В годы Второй мировой войны, будучи уже в пустыне, часто целые ночи он молился за все народы, «как в некоем безумии»: это был внутренний крик к Богу о мире всего мира. Однако по-прежнему гонимые в России занимали первое место в его сознании. Молитва о них была в начале всех его молитв, и в средине, и в конце. Эта молитва навсегда связала старца невидимой духовной нитью с судьбой Русской Церкви.

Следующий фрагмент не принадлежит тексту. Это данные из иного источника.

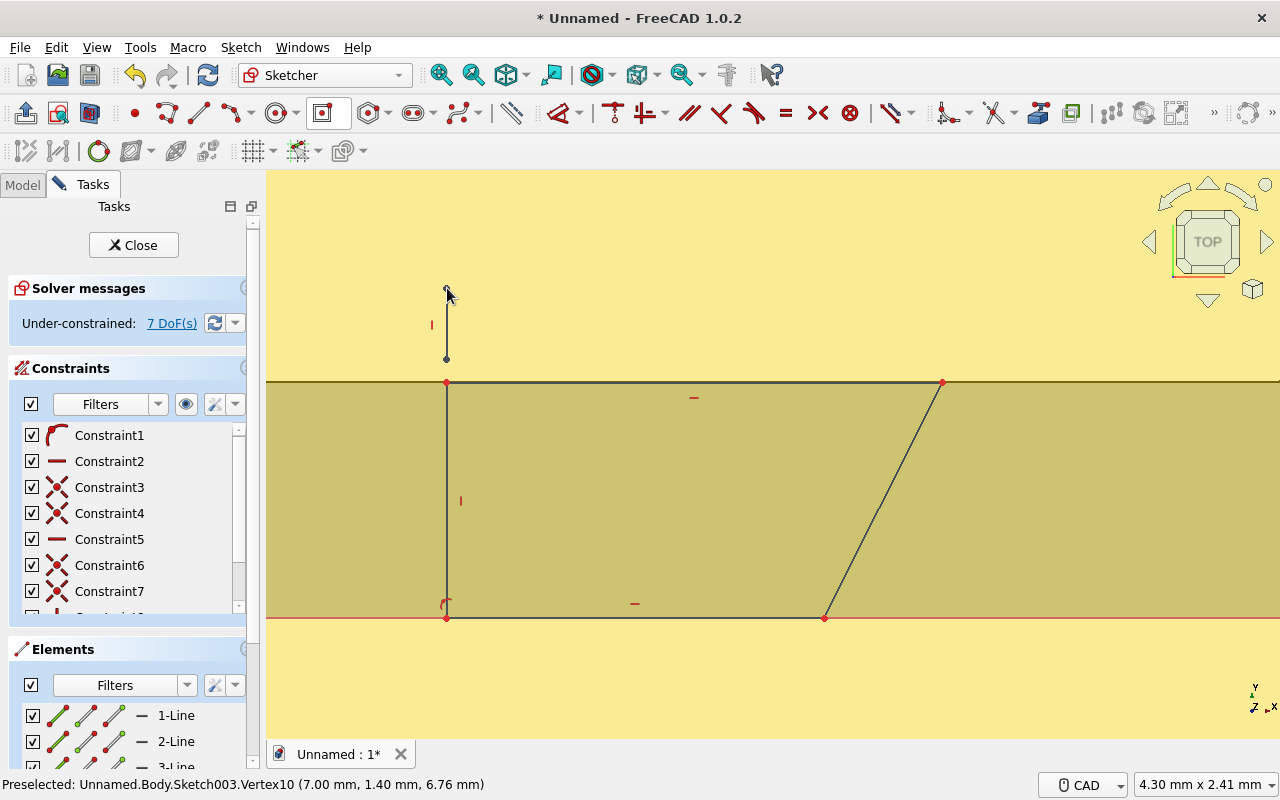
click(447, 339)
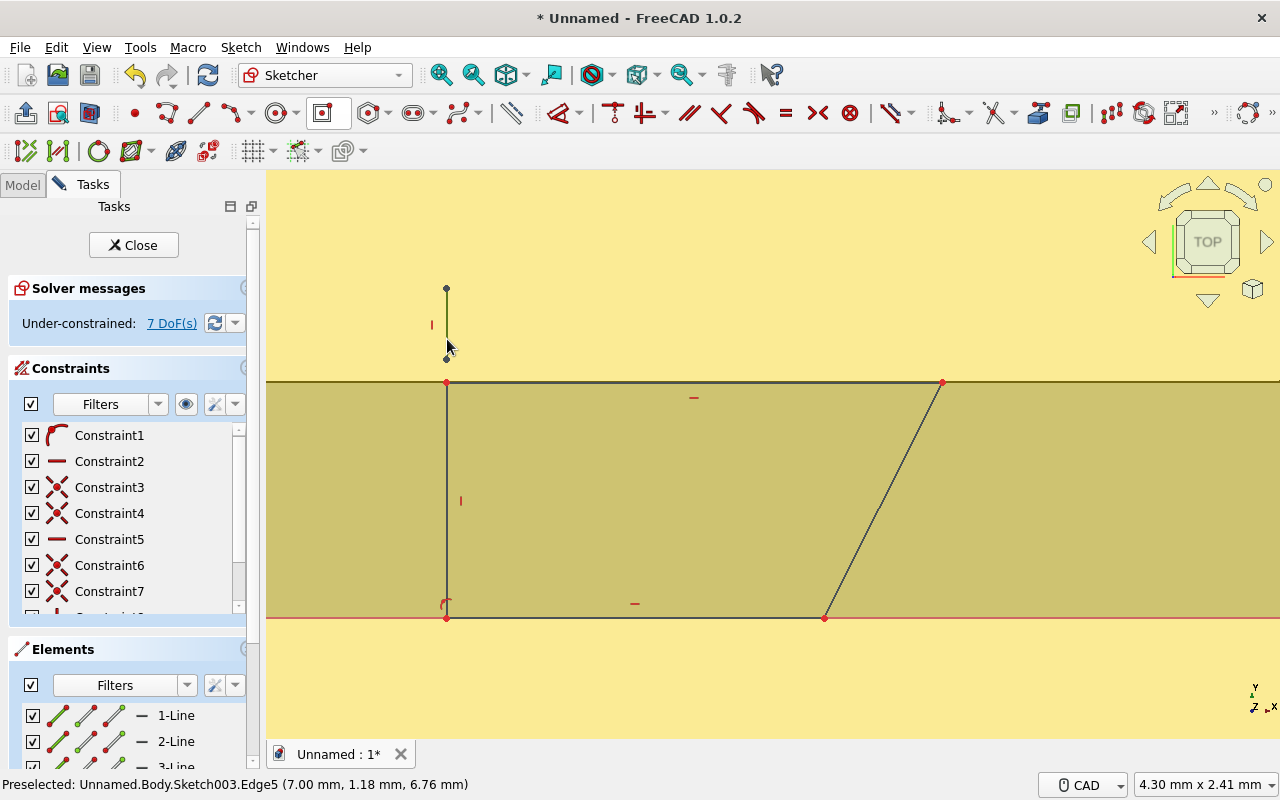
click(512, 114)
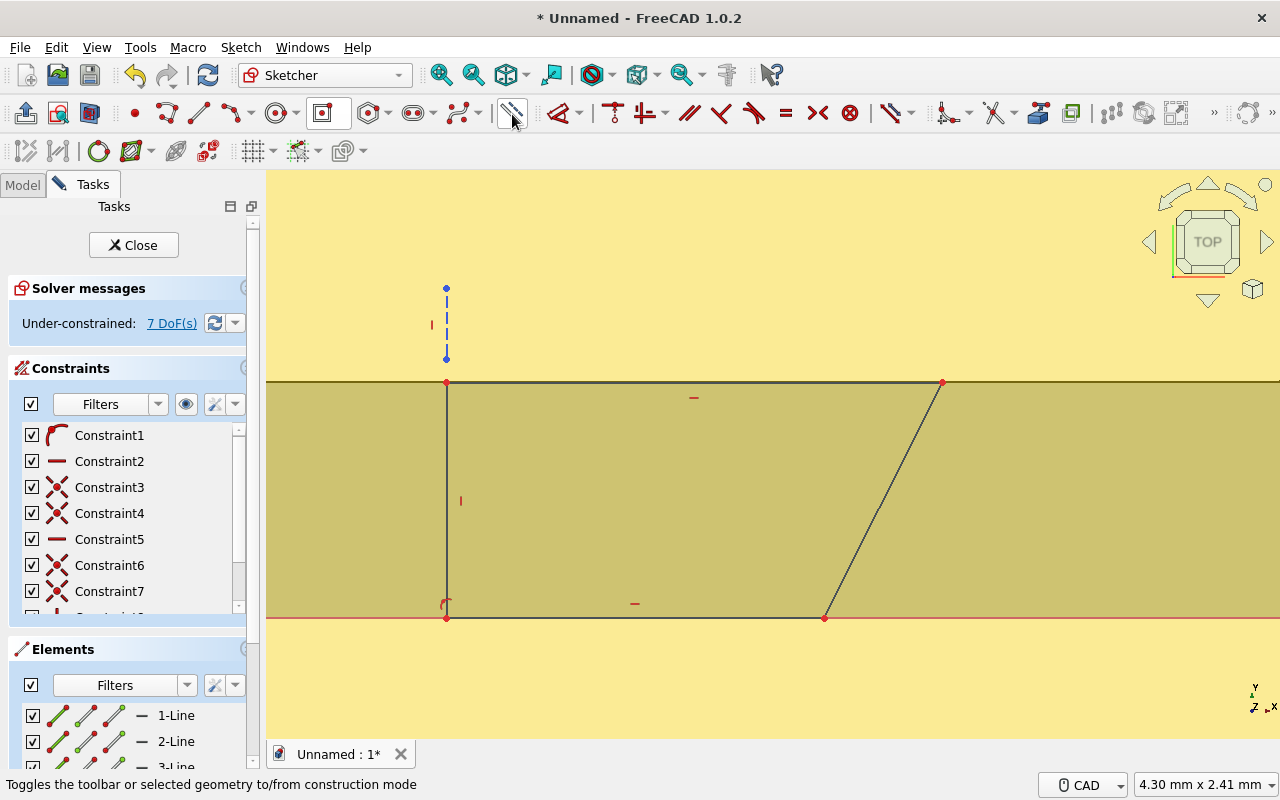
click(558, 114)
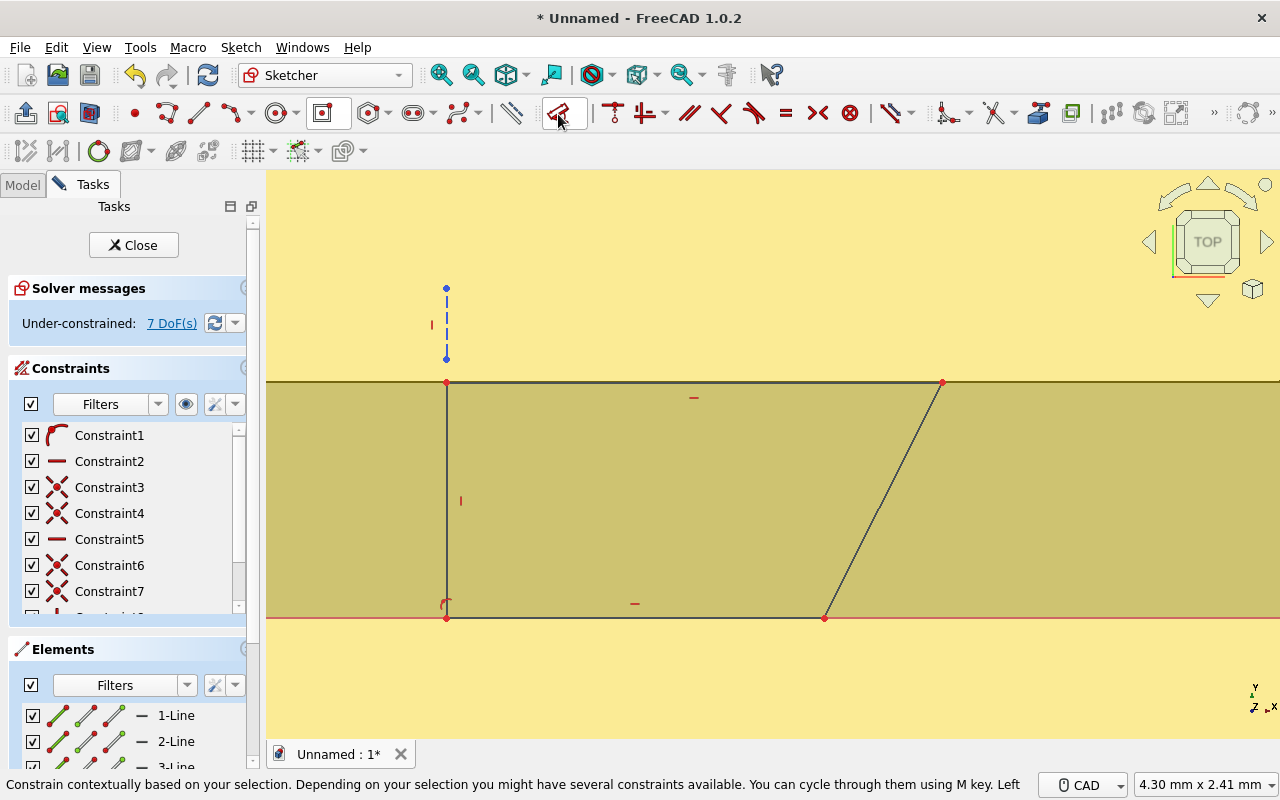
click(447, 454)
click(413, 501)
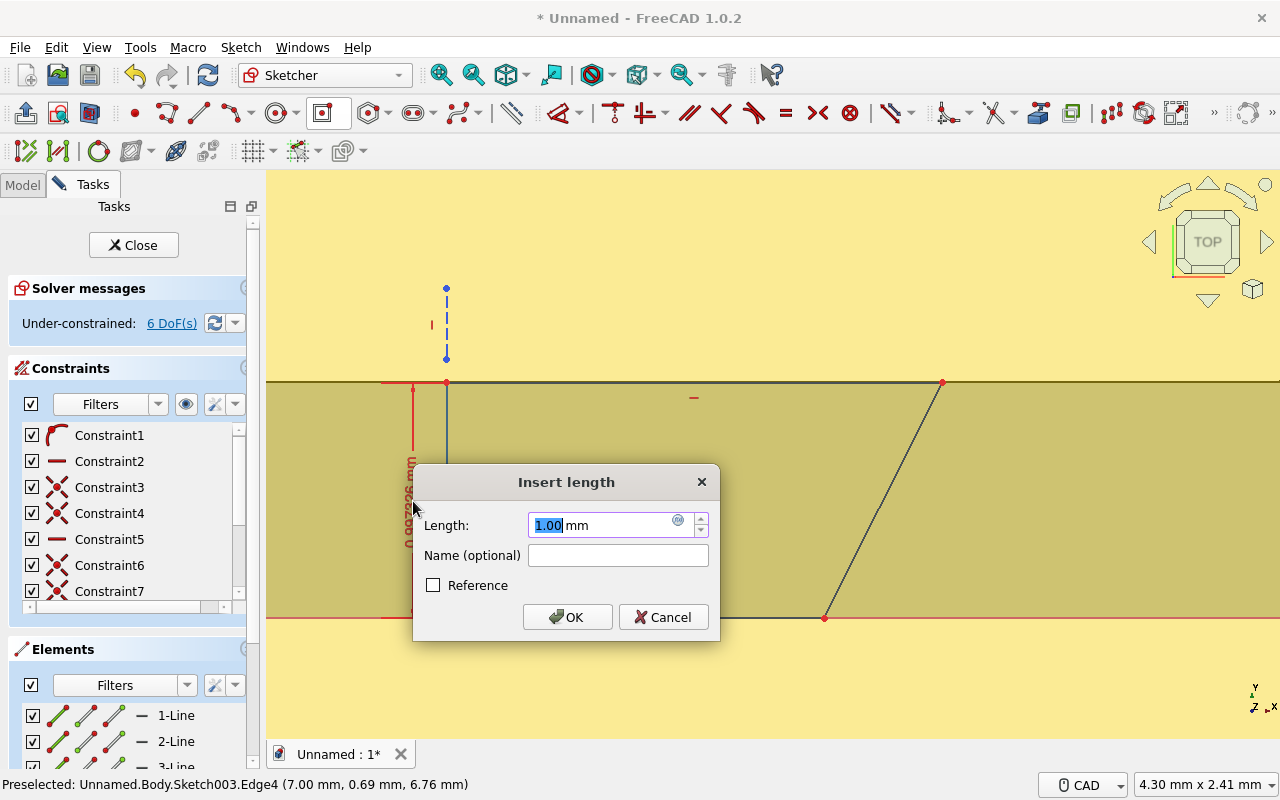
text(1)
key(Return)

По приезде во Францию после войны старец естественно подал прошение о принятии его в клир Экзархата Русской Церкви. Старцу было чуждо сознание тех эмигрантов, которые разорвали литургическое общение с Патриаршей Церковью в силу своей оппозиции современному политическому положению вещей в России, считая борьбу с советскими властями самым существенным и самым важным моментом их жизни. В те годы принадлежать к юрисдикции Московской Патриархии во Франции, да и вообще на Западе, было связано с большими трудностями. Все посещавшие Русский храм Московской Патриархии считались «агентами Сталина» и неизбежно подвергались моральным притеснениям. За свою приверженность Русской Патриаршей Церкви старец вынужден был уйти и из Св. Сергиевского Института в Париже. Однако эти испытания старец переживал с благодарностью к Богу: в них он видел «некую норму соучастия» в страданиях русского православного народа. Старец говорил: «Церковь в России — это Церковь во аде». Его сильно влекло быть именно с ними, «во аде», вместе с ними и молиться. В 1958 году отец Софроний по официальному приглашению Московской Патриархии поехал в Россию с тайным намерением — остаться в Троице-Сергиевой Лавре и разделить судьбу страждущей Церкви. Когда он был на приеме у Святейшего Патриарха Алексия I и сообщил о своем желании, Святейший ответил ему: «Отец Софроний, придите завтра, и я дам вам ответ». На следующий день Патриарх сказал: «Отец Софроний, я не все могу». Старец вынужден был вернуться на Запад, однако живое соучастие в молитве со страждущим народом глубоко запечатлелось в его сознании. Старца потряс невероятный контраст, который представляла тогда жизнь в Советской России. С одной стороны — глубоко верующий народ: люди страдают от видения неверия прочих и плачут о тех, кто отказывается видеть столь явное, «очевидное» Бытие и присутствие Бога, переживая состояние неверных, как самое великое несчастье. С другой — неверующие, которые стыдятся, что среди них есть еще так много «предрассудков», и которые делают все, чтобы избавить «передовую» страну от этих пережитков старого «невежества».